▸ Collected data entries

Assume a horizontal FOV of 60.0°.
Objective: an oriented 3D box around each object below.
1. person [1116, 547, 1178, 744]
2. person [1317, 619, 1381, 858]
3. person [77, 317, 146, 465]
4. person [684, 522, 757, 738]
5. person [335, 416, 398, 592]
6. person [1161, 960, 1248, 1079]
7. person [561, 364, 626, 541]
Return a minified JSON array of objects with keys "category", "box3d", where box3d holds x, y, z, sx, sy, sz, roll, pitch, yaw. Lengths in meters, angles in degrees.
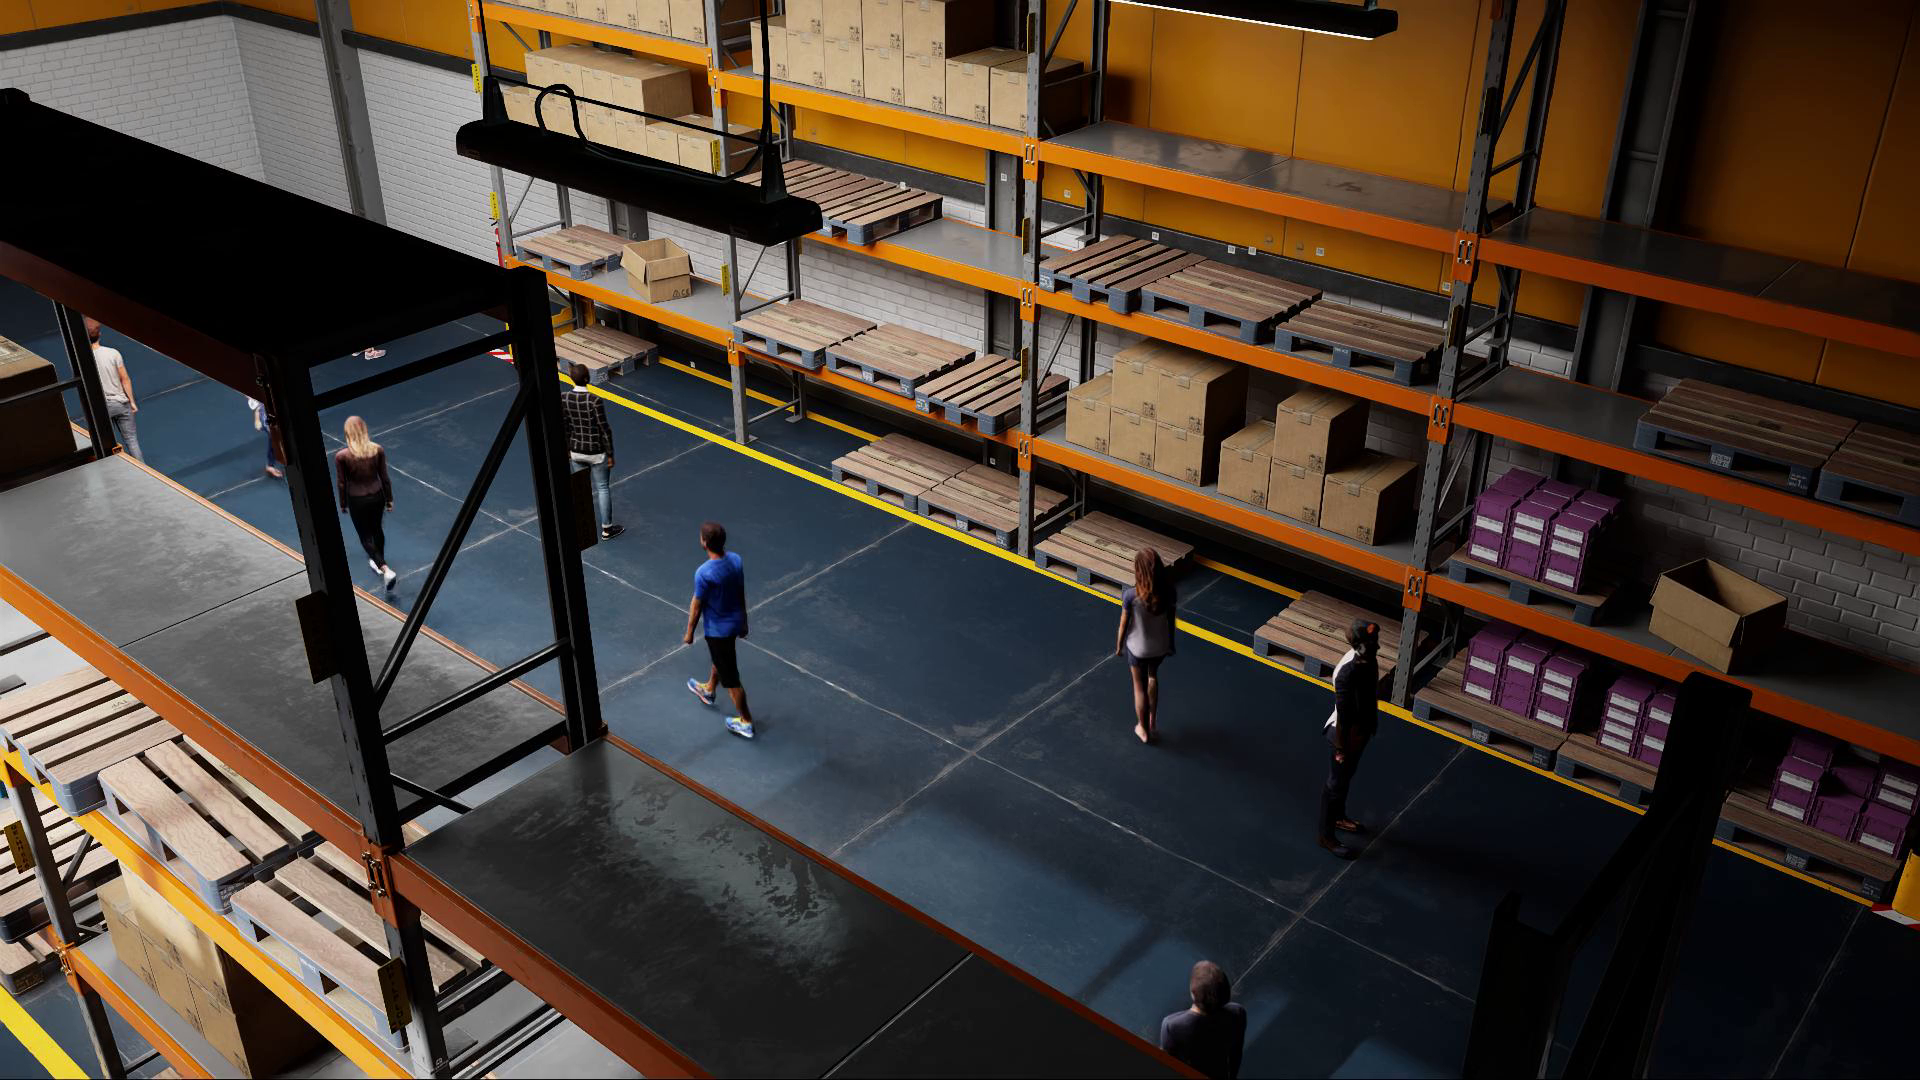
[{"category":"person","box3d":[1.511,0.886,13.117,0.737,1.720,0.769,-8,30,-14]},{"category":"person","box3d":[2.816,1.389,12.015,0.646,1.893,0.723,15,32,26]},{"category":"person","box3d":[-8.740,-1.377,17.080,0.741,1.898,0.715,-13,31,-23]},{"category":"person","box3d":[-1.816,0.754,13.241,1.102,1.834,0.692,17,33,28]},{"category":"person","box3d":[-5.460,-0.315,15.360,0.708,1.681,1.059,-22,36,-35]},{"category":"person","box3d":[1.286,3.015,9.036,0.749,1.890,0.769,-8,30,-15]},{"category":"person","box3d":[-3.627,-0.860,16.214,0.656,1.819,0.801,7,29,13]}]

▸ WHAT THIS TASK INVOLVES
The lines from the one holding "2. person [1317, 619, 1381, 858]" through the end of the entries are to be transcribed exactly, both ends included, with the pictures left out.

▸ ANSWER TO THIS PROBLEM
2. person [1317, 619, 1381, 858]
3. person [77, 317, 146, 465]
4. person [684, 522, 757, 738]
5. person [335, 416, 398, 592]
6. person [1161, 960, 1248, 1079]
7. person [561, 364, 626, 541]
Return a minified JSON array of objects with keys "category", "box3d", where box3d holds x, y, z, sx, sy, sz, roll, pitch, yaw. Lengths in meters, angles in degrees.
[{"category":"person","box3d":[1.511,0.886,13.117,0.737,1.720,0.769,-8,30,-14]},{"category":"person","box3d":[2.816,1.389,12.015,0.646,1.893,0.723,15,32,26]},{"category":"person","box3d":[-8.740,-1.377,17.080,0.741,1.898,0.715,-13,31,-23]},{"category":"person","box3d":[-1.816,0.754,13.241,1.102,1.834,0.692,17,33,28]},{"category":"person","box3d":[-5.460,-0.315,15.360,0.708,1.681,1.059,-22,36,-35]},{"category":"person","box3d":[1.286,3.015,9.036,0.749,1.890,0.769,-8,30,-15]},{"category":"person","box3d":[-3.627,-0.860,16.214,0.656,1.819,0.801,7,29,13]}]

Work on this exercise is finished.